Which is incorrect by European standards. We use the first Sunday
as the start of the week. I could overcome this by deducting "1"
from the week number but that throws out next year as Sunday is the
start of the year 2006 so deducting "1" from it will bugger up next
years calendar. Also a really weird thing is if you put the
following in a new fields in a query Access:
Week Number: DatePart("ww",[AppointmentDate]) and another field
DayOfWeek: (DatePart("w",[AppointmentDate]))

In the first you get the wrong week number as explained but the
second also produces a day name that is one day out so January the
1st shows as Sunday when it is actualy Saturday.
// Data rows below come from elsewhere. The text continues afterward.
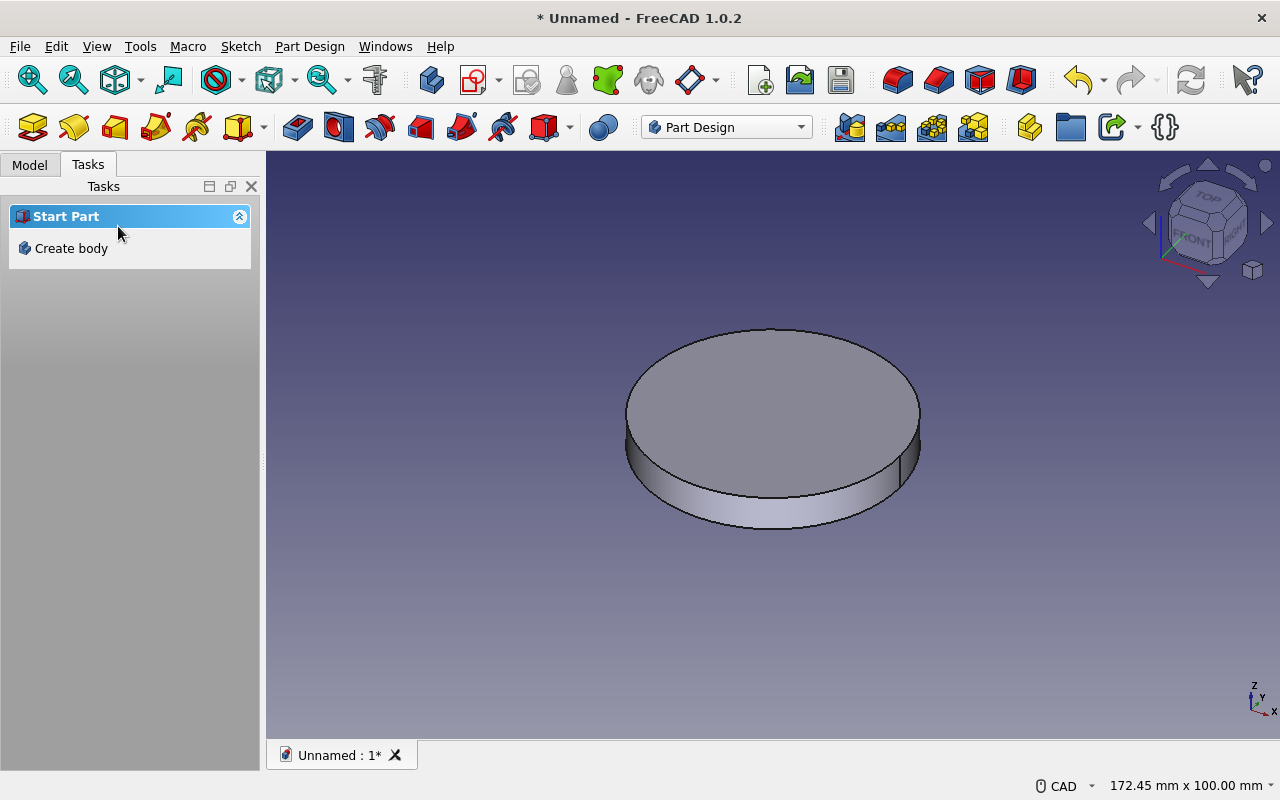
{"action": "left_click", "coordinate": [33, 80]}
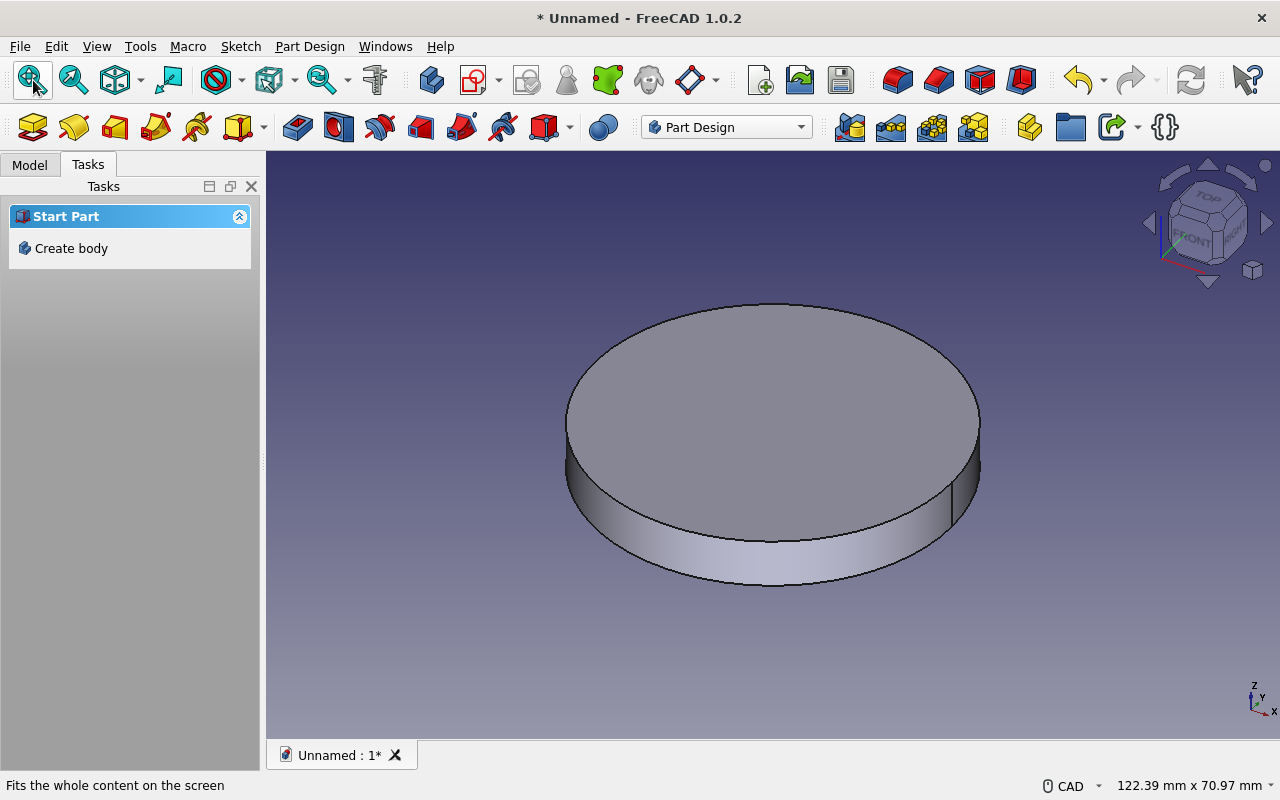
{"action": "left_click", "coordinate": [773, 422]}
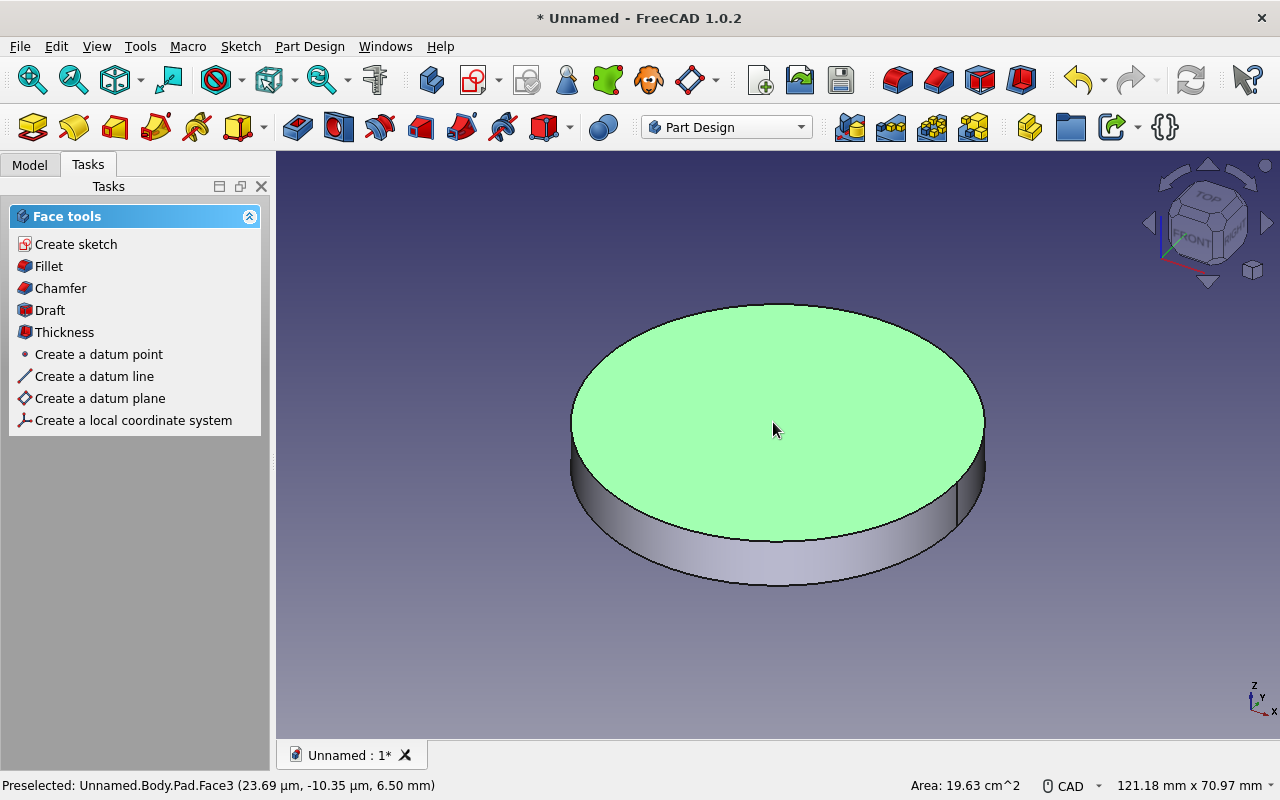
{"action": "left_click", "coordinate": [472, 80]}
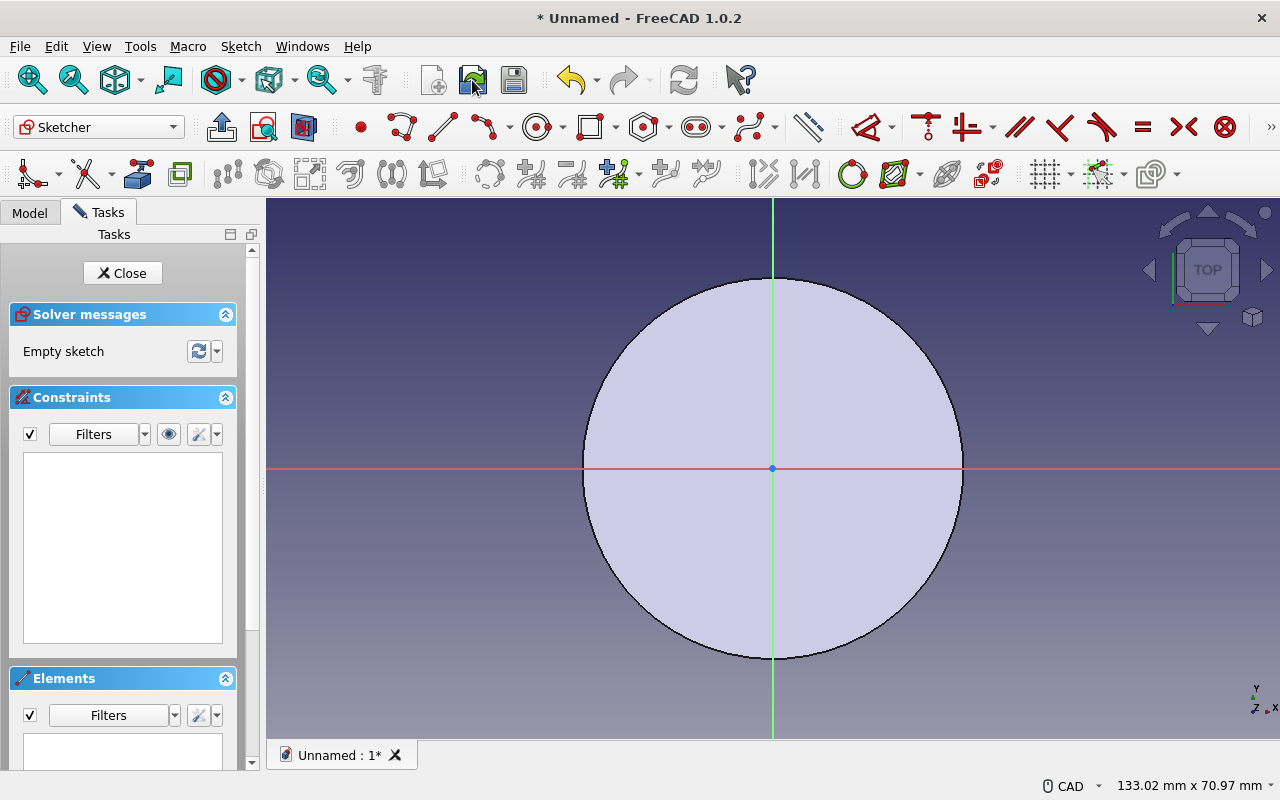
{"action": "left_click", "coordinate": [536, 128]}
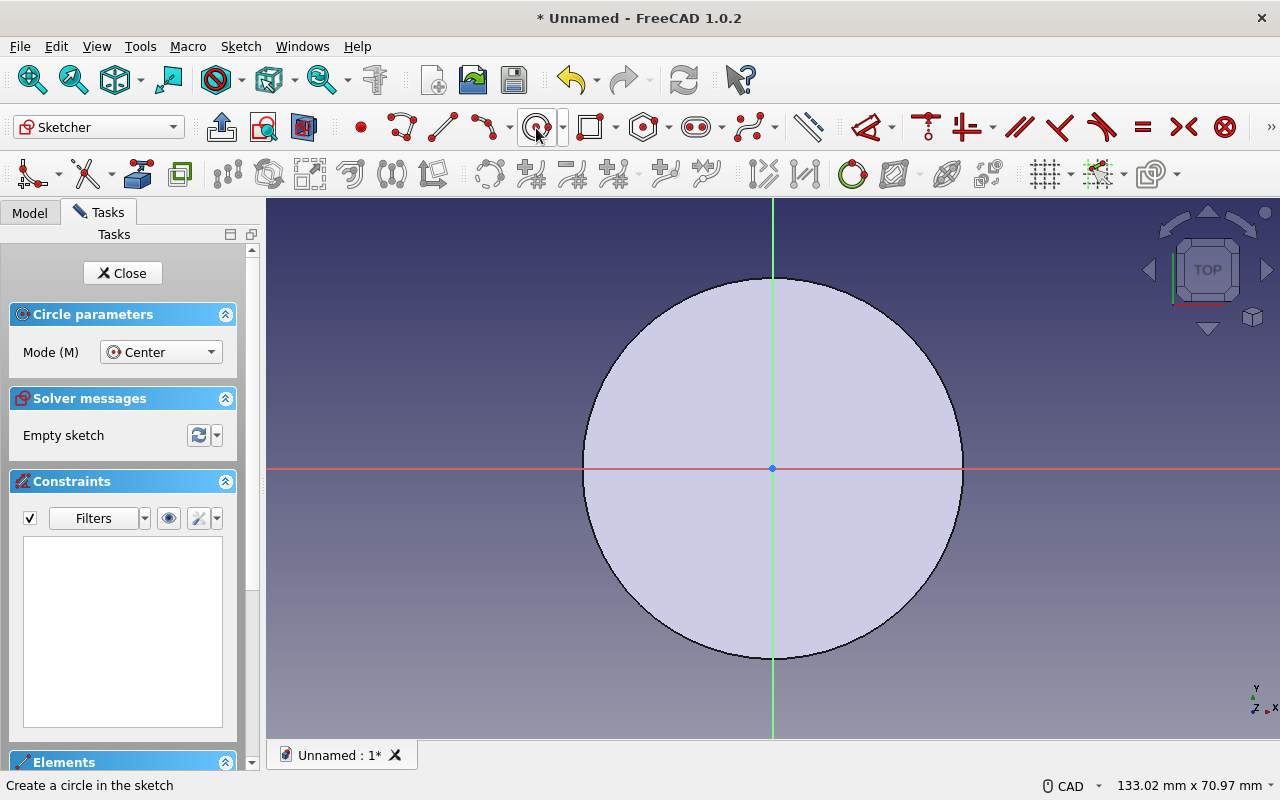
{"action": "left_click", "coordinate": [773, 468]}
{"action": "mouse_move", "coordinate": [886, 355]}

So to get the
correct week and day I have to change code to:

Week Number: DatePart("ww",[AppointmentDate]-1) and another field
DayOfWeek: (DatePart("w",[AppointmentDate]-1))

If you can show me how to attach additional expressions to the
query I would be very grateful

Life sure gets complicated


message What exactly are you trying to do in your queries?

Provided you're running the queries from inside of Access, you can
use the Format and DatePart functions in queries.

--
Doug Steele, Microsoft Access MVP

(no e-mails, please!)



Thank you Douglas

will any of these have an effect on Queries? or do you have to
convert resulting data in the report?

message The Format and DatePart functions both have optional parameters
that let you specify both First Day of the Week, and First Week
of the Year.

There's also an API you can call (sorry, but I've forgotten the
exact one at the moment), but I don't believe there's any way to
make the change permanent.

--
Doug Steele, Microsoft Access MVP

(no e-mails, please!)



Hi all

Does anyone know how to change the First Day of Week in access.
The system is realy strange. I have been working on this all
night. What I have found is that access or the regional
settings of my computer (I don't know which) counts the first
few days of the new year as the first week regardless of the
day names. Whereas most systems including diaries count the
first week as from the first sunday. So according to access 31
Dec 2004 was week 53 and 1st Jan 05 was week 1 now this is
where it gets confusing if you can't understand why your week
numbers are wrong, 2nd Jan 05 is week 2? meaning that week one
in access has only got 1 day!! I am hoping that if I change the
first day of the week to Sunday as in most diaries, that week 1
will have 7 days. Would be nice wouldn't it.